- [EXERCISE PROMPT]: Every entry that follows is to be set down exactly, with its pictures omitted.

==*==

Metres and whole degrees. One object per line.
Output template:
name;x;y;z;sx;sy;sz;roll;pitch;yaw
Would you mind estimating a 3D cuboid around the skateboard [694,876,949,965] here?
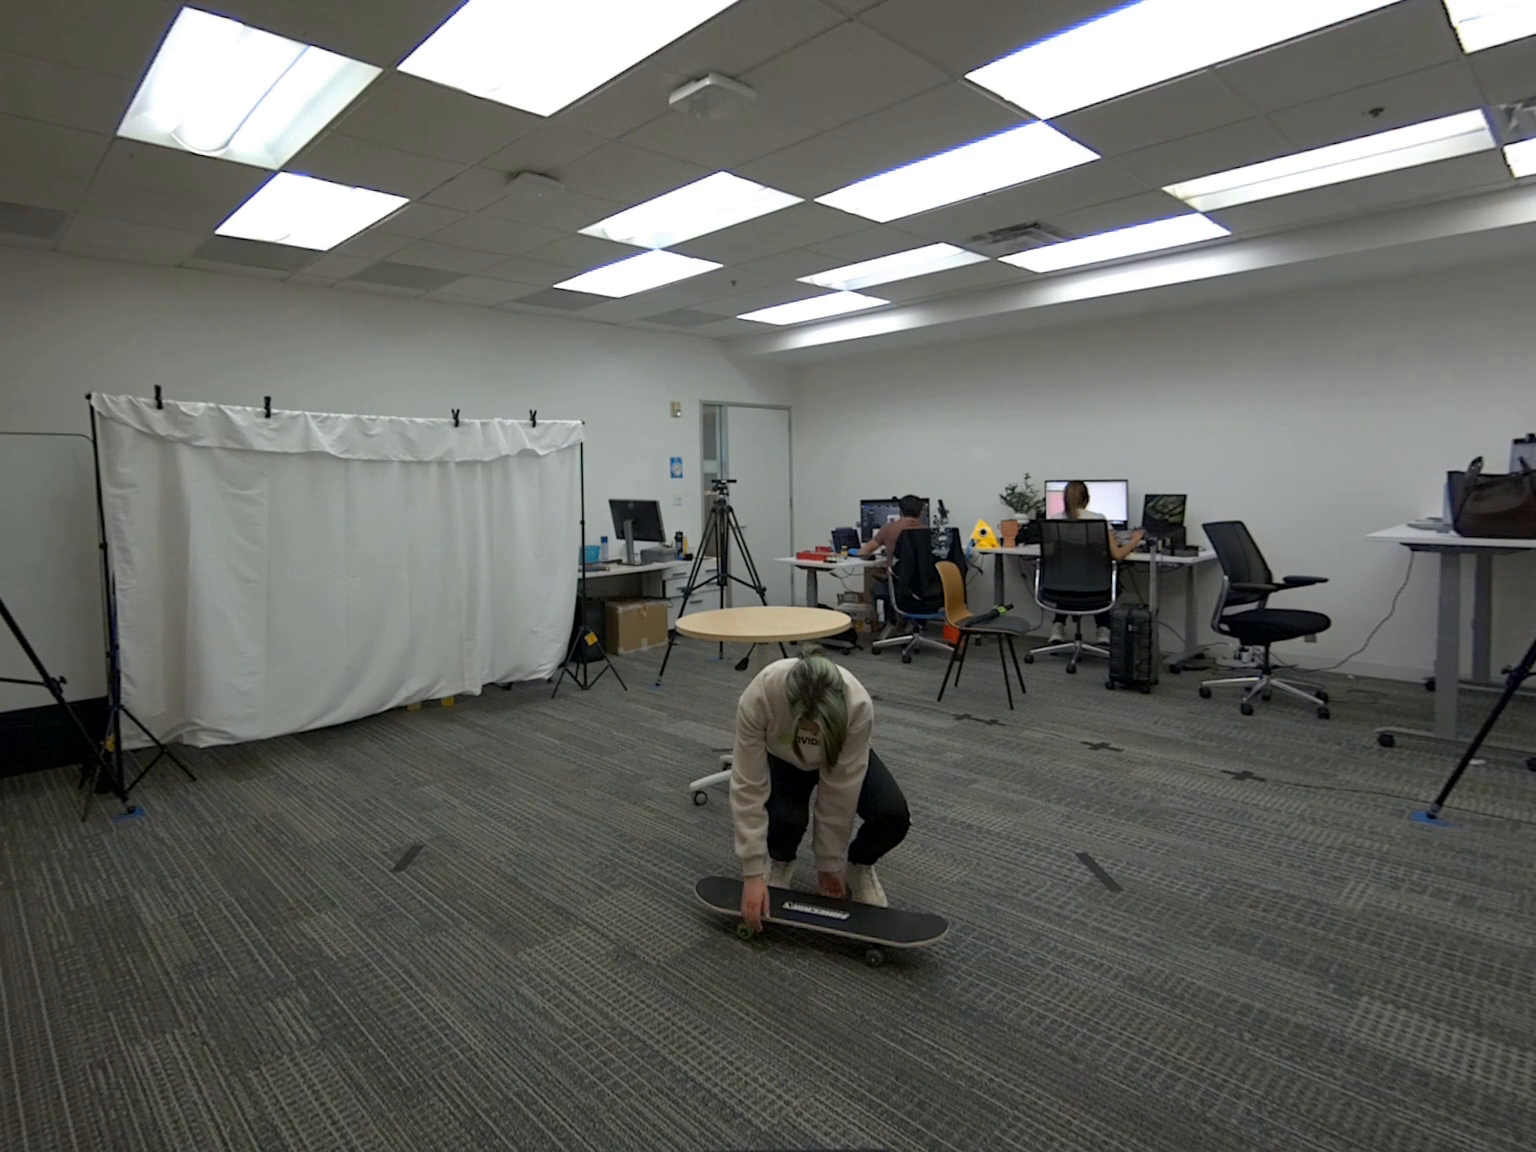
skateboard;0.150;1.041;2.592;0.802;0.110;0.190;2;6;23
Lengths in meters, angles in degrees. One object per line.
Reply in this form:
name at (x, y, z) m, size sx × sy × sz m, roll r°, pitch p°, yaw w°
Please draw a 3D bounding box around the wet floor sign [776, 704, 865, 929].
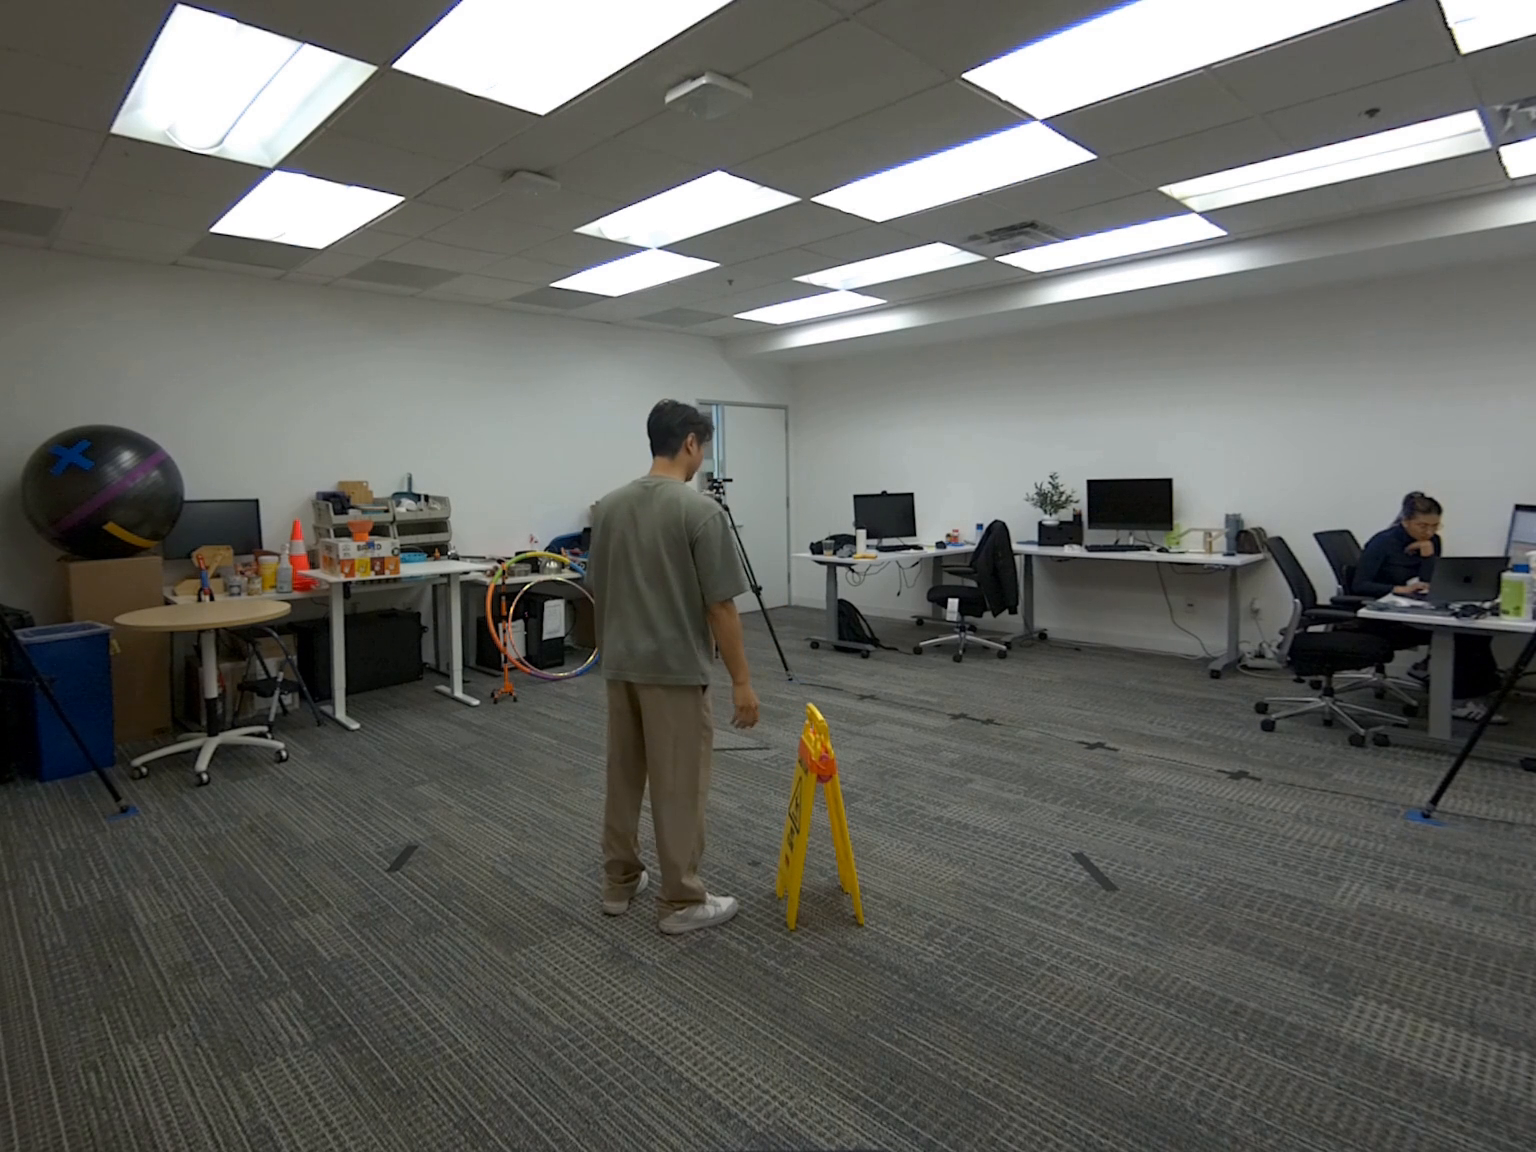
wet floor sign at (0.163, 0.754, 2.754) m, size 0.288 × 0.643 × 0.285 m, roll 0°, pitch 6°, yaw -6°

==*==

- [SOLUTION TO THIS EXERCISE]:
Metres and whole degrees. One object per line.
Output template:
name;x;y;z;sx;sy;sz;roll;pitch;yaw
Would you mind estimating a 3D cuboid around the skateboard [694,876,949,965] here?
skateboard;0.150;1.041;2.592;0.802;0.110;0.190;2;6;23
Lengths in meters, angles in degrees. One object per line.
Reply in this form:
name at (x, y, z) m, size sx × sy × sz m, roll r°, pitch p°, yaw w°
Please draw a 3D bounding box around the wet floor sign [776, 704, 865, 929].
wet floor sign at (0.163, 0.754, 2.754) m, size 0.288 × 0.643 × 0.285 m, roll 0°, pitch 6°, yaw -6°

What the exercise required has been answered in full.